Mais ces dernières années, la donne a bien changé. L’évolution des mentalités face aux enjeux environnementaux et les scandales comme le « Dieselgate » ont bien entaché l’image du diesel auprès du grand public.

Les prix en hausse et la géopolitique en mouvement

En août 2025, le litre de diesel est à 1,64 €, soit presque le même prix que l’essence qui est à 1,67 €. Un écart de trois centimes seulement, alors qu’il était de quinze centimes un an auparavant. Ce rapprochement s’explique par divers facteurs d’ordre géopolitique et économique, soulignant un impact économique significatif.

La France importe plus de 50 % de son diesel, ce qui la rend vulnérable aux variations du marché international. Depuis l’embargo sur les hydrocarbures russes, les circuits d’approvisionnement ont été chamboulés. La France se tourne désormais vers des fournisseurs au Moyen-Orient, en Inde et aux États-Unis, ce qui fait grimper les coûts de production et de distribution du carburant.

Par ailleurs, les réserves européennes diminuent et les investissements dans les infrastructures spécialisées restent limités.

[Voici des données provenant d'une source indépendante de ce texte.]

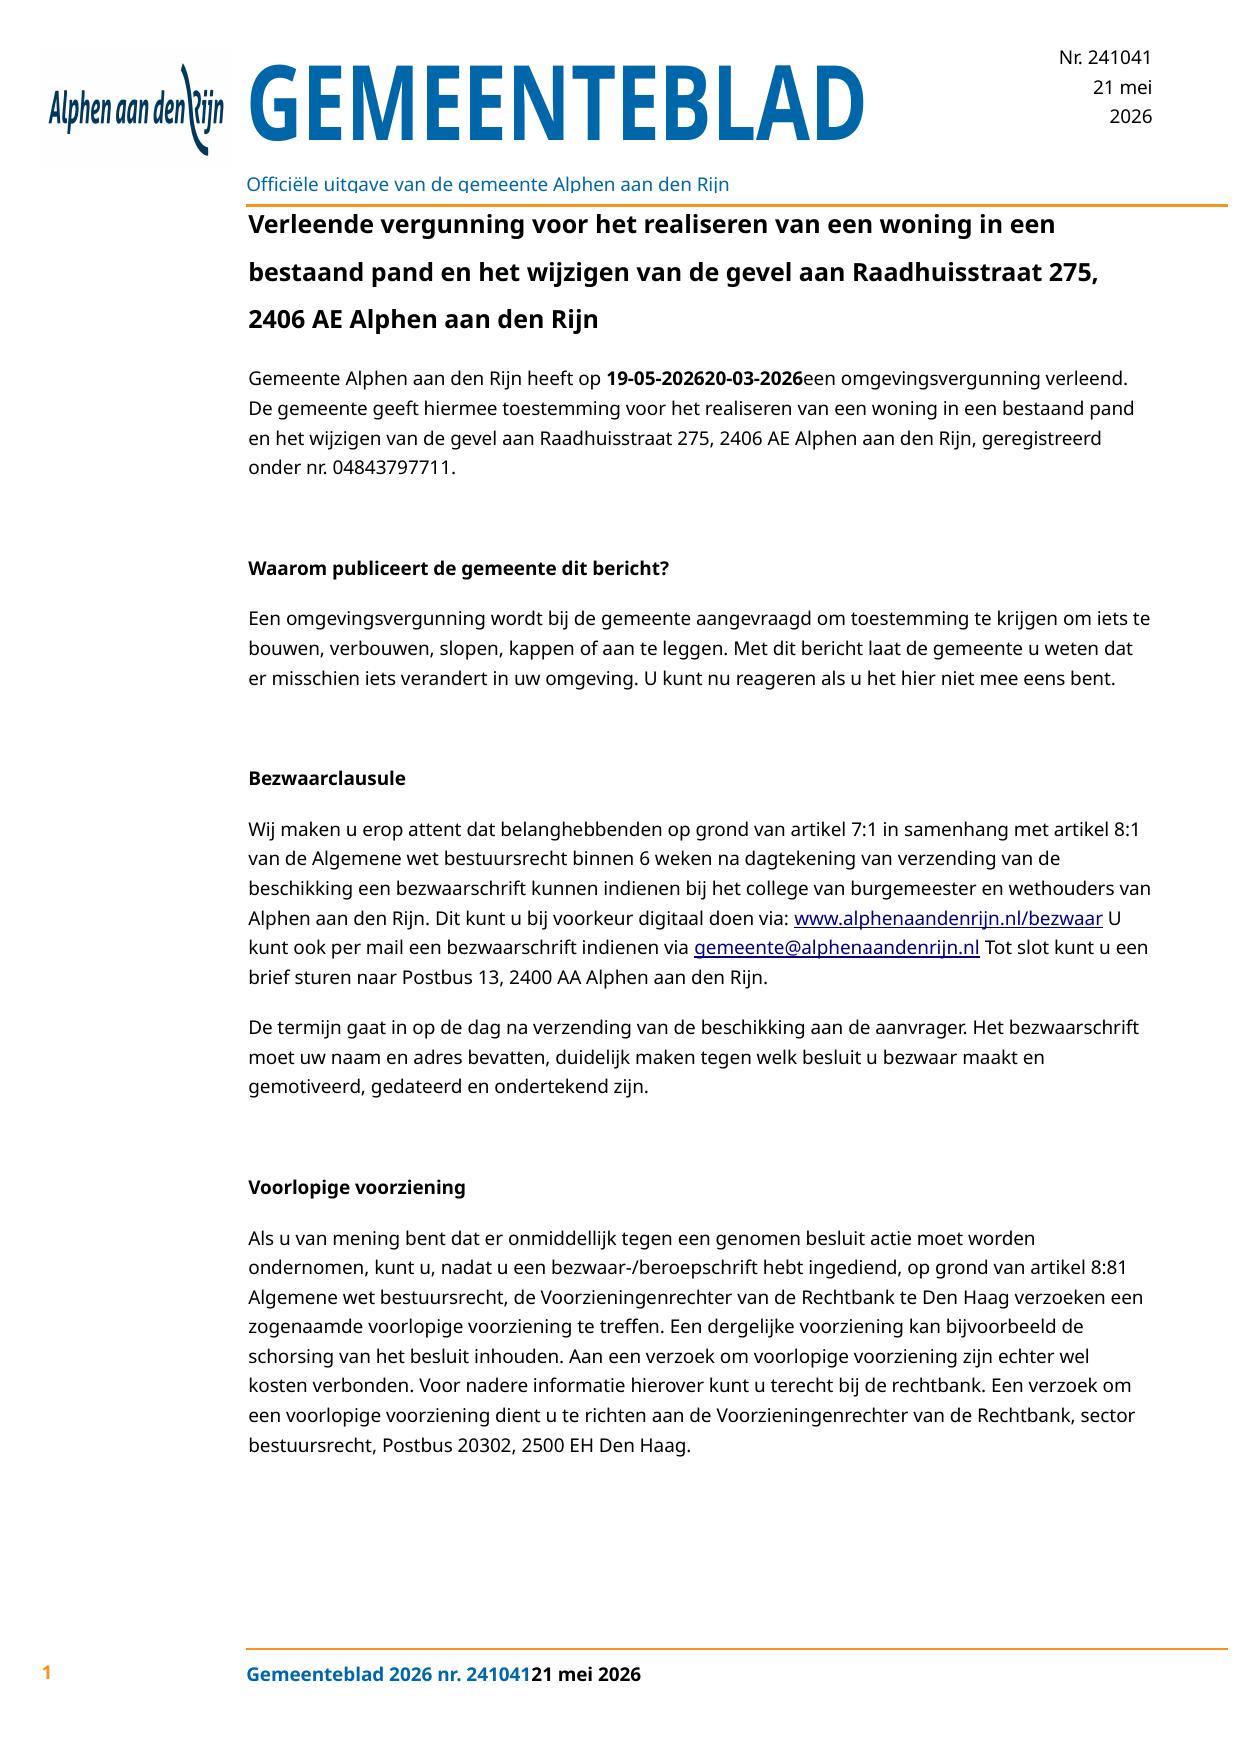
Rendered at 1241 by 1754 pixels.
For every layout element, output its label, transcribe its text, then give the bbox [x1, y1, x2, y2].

text Een omgevingsvergunning wordt bij de gemeente aangevraagd om toestemming te krijgen om iets te bouwen, verbouwen, slopen, kappen of aan te leggen. Met dit bericht laat de gemeente u weten dat er misschien iets verandert in uw omgeving. U kunt nu reageren als u het hier niet mee eens bent. [248, 606, 1152, 690]
text Verleende vergunning voor het realiseren van een woning in een bestaand pand en het wijzigen van de gevel aan Raadhuisstraat 275, 2406 AE Alphen aan den Rijn [248, 207, 1152, 336]
text Als u van mening bent dat er onmiddellijk tegen een genomen besluit actie moet worden ondernomen, kunt u, nadat u een bezwaar-/beroepschrift hebt ingediend, op grond van artikel 8:81 Algemene wet bestuursrecht, de Voorzieningenrechter van de Rechtbank te Den Haag verzoeken een zogenaamde voorlopige voorziening te treffen. Een dergelijke voorziening kan bijvoorbeeld de schorsing van het besluit inhouden. Aan een verzoek om voorlopige voorziening zijn echter wel kosten verbonden. Voor nadere informatie hierover kunt u terecht bij de rechtbank. Een verzoek om een voorlopige voorziening dient u te richten aan de Voorzieningenrechter van de Rechtbank, sector bestuursrecht, Postbus 20302, 2500 EH Den Haag. [248, 1225, 1152, 1457]
text Waarom publiceert de gemeente dit bericht? [248, 555, 1152, 581]
text Wij maken u erop attent dat belanghebbenden op grond van artikel 7:1 in samenhang met artikel 8:1 van de Algemene wet bestuursrecht binnen 6 weken na dagtekening van verzending van de beschikking een bezwaarschrift kunnen indienen bij het college van burgemeester en wethouders van Alphen aan den Rijn. Dit kunt u bij voorkeur digitaal doen via: www.alphenaandenrijn.nl/bezwaar U kunt ook per mail een bezwaarschrift indienen via gemeente@alphenaandenrijn.nl Tot slot kunt u een brief sturen naar Postbus 13, 2400 AA Alphen aan den Rijn. [248, 816, 1152, 989]
picture [41, 47, 231, 172]
text Bezwaarclausule [248, 766, 1152, 791]
text Voorlopige voorziening [248, 1174, 1152, 1200]
text De termijn gaat in op de dag na verzending van de beschikking aan de aanvrager. Het bezwaarschrift moet uw naam en adres bevatten, duidelijk maken tegen welk besluit u bezwaar maakt en gemotiveerd, gedateerd en ondertekend zijn. [248, 1014, 1152, 1099]
text Gemeente Alphen aan den Rijn heeft op 19-05-202620-03-2026een omgevingsvergunning verleend. De gemeente geeft hiermee toestemming voor het realiseren van een woning in een bestaand pand en het wijzigen van de gevel aan Raadhuisstraat 275, 2406 AE Alphen aan den Rijn, geregistreerd onder nr. 04843797711. [248, 366, 1152, 480]

Même avec une baisse des prix générale du pétrole, ces éléments maintiennent le coût du diesel à un niveau élevé.

La transformation du marché automobile

La tendance actuelle illustre bien le recul du diesel au profit des motorisations hybrides et électriques. En Europe, durant le premier semestre 2025, seulement 9,4 % des ventes concernaient des véhicules diesel, contre 12,8 % sur la même période de 2024. En France, la baisse est encore plus nette avec 4,9 % de voitures neuves diesel au premier semestre 2025, comparé à 7,9 % l’année précédente.

Les restrictions qui se multiplient dans les Zones à Faibles Émissions (ZFE) et les incertitudes liées à la fiscalité exacerbent cette diminution. Parallèlement, la montée en puissance des véhicules électriques propose aux usagers une alternative plus respectueuse de l’environnement.

Qu’en est-il du futur du diesel ?

L’avenir du diesel semble bien compromis puisqu’on observe une baisse continue de la demande. Ce recul risque de rendre ce carburant non seulement moins accessible, mais également plus cher sur le long terme. Avec l’interdiction prévue pour 2035 de vendre des voitures thermiques neuves en Europe, y compris celles qui fonctionnent au diesel, il apparaît clairement que cette motorisation est en déclin.

Face à ces défis et aux rapides transformations du secteur de l’énergie, consommateurs et industriels doivent adapter leurs habitudes et stratégies pour se préparer à un avenir où le diesel pourrait tenir un rôle mineur, voire disparaître complètement.